5- to get BT to come out fo a fault ONE OF THESE needs to show up, this almost guarantees them to come out and sort it, unfortunatly advocating sabotage is not my style
6- To get bt to come out to do what you need done I would recomend ordering a broadband boost job, when the FE arrives ell him what you want done and it should happen, not joking don't give him a long hard time just tell him what you want done and he should do it.
Now the crackling is a GOOD thing, BT have to fix the dial tone first, it dates back to laws on providing communications in a no power situation. That crackling means the engineer has to fix that for you.

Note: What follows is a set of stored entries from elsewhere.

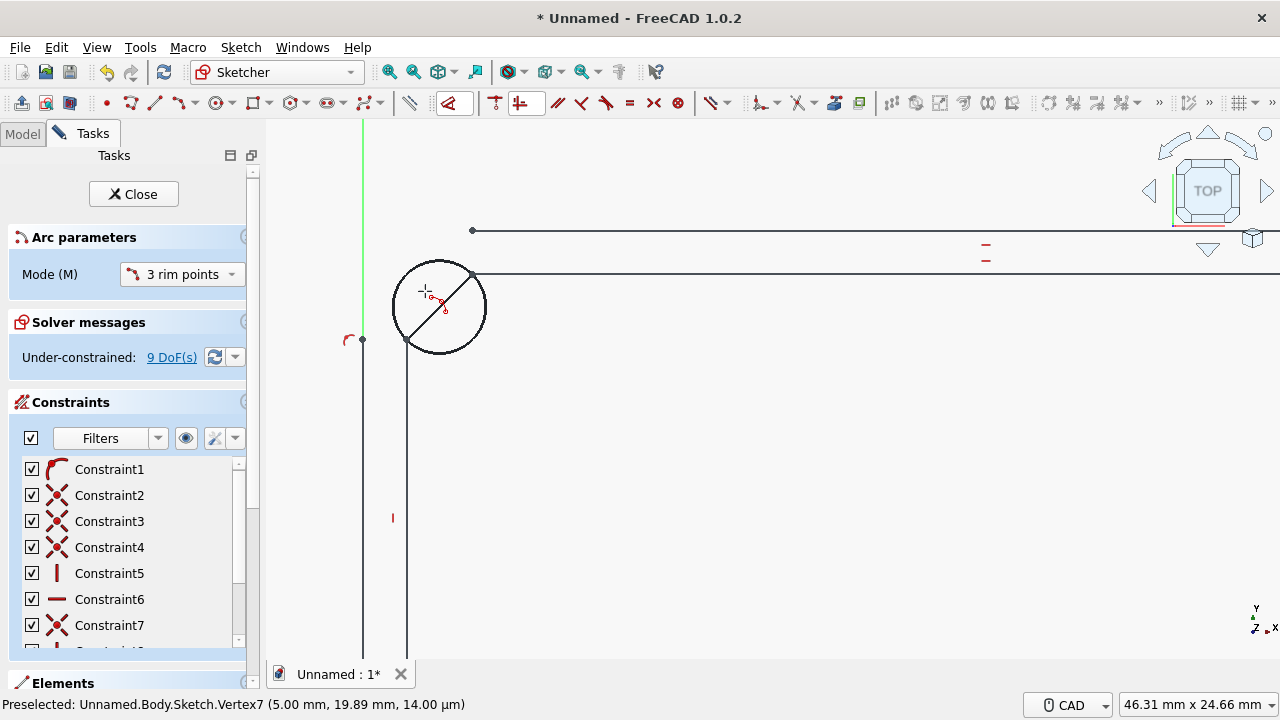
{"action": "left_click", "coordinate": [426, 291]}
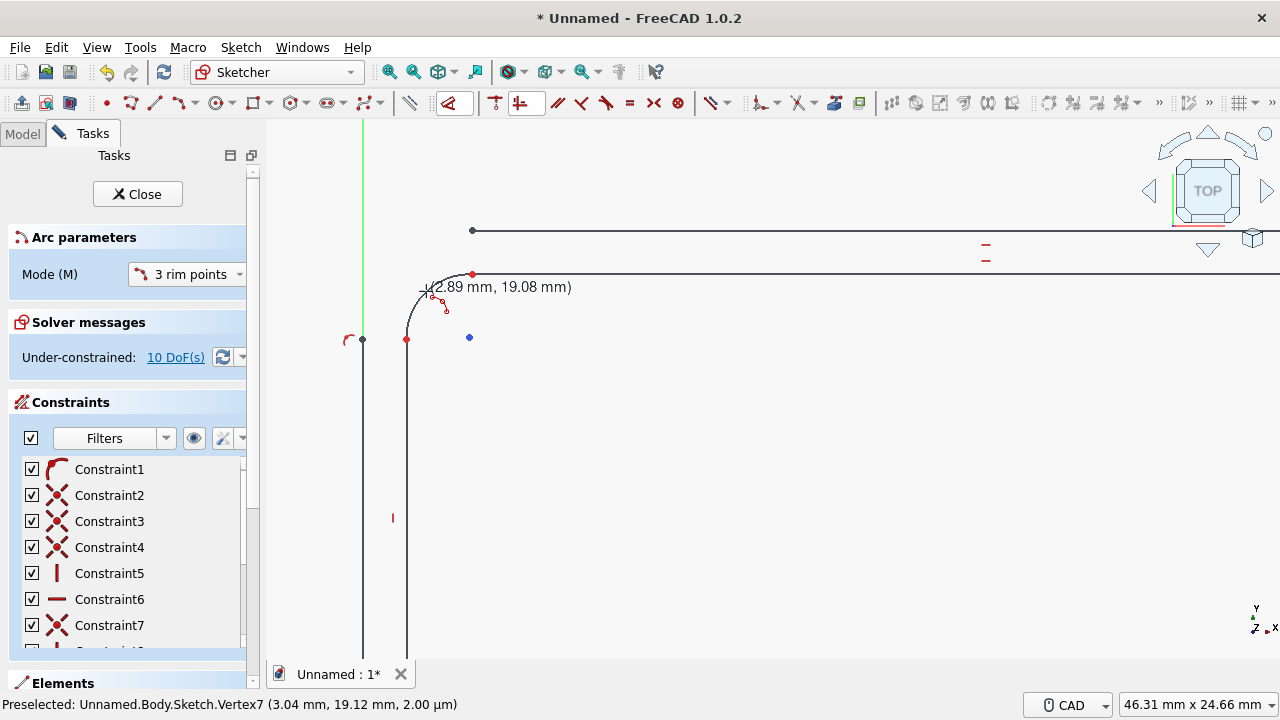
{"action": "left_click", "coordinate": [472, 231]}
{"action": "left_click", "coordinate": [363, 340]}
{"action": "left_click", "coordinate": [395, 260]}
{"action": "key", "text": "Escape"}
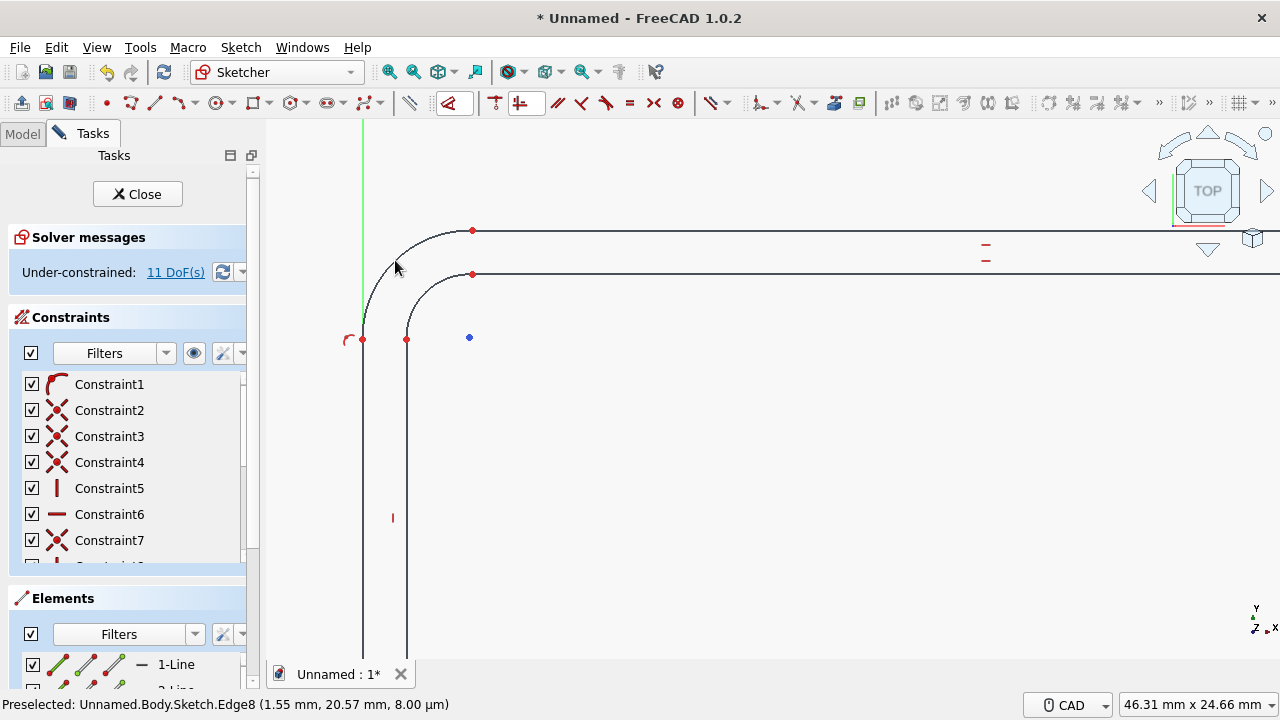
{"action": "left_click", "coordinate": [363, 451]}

At the same time asking him to repair the damaged cable that is Openreachs network and he should do that for you.
One thing to note: from that connector boix at the top of the door frame, one side goes to your ****y old master socket (which btw has no be upgraded as standard on any visit, so next time and engineer comes over make him give you an oppenreach nte

. The otherside goes to the next junction point, this could be going to OH or UG feeds, please bear in mind that if from on side of this it is straight through onto black cable, that goes up the house and over to the pole with no boxes or connectors (aka straightthrough from DP on pole mto your telcom box) then there is like 99% chance the Engineer wont do it, pole is most lkely unclimable.
Basically I see no reason for a FE to not come over and replace the master with an NTE and replace the cabling back as many junction boxes on ground level as you like. If it seems like its going to be a ball ache in your case then "grease the wheels" imo.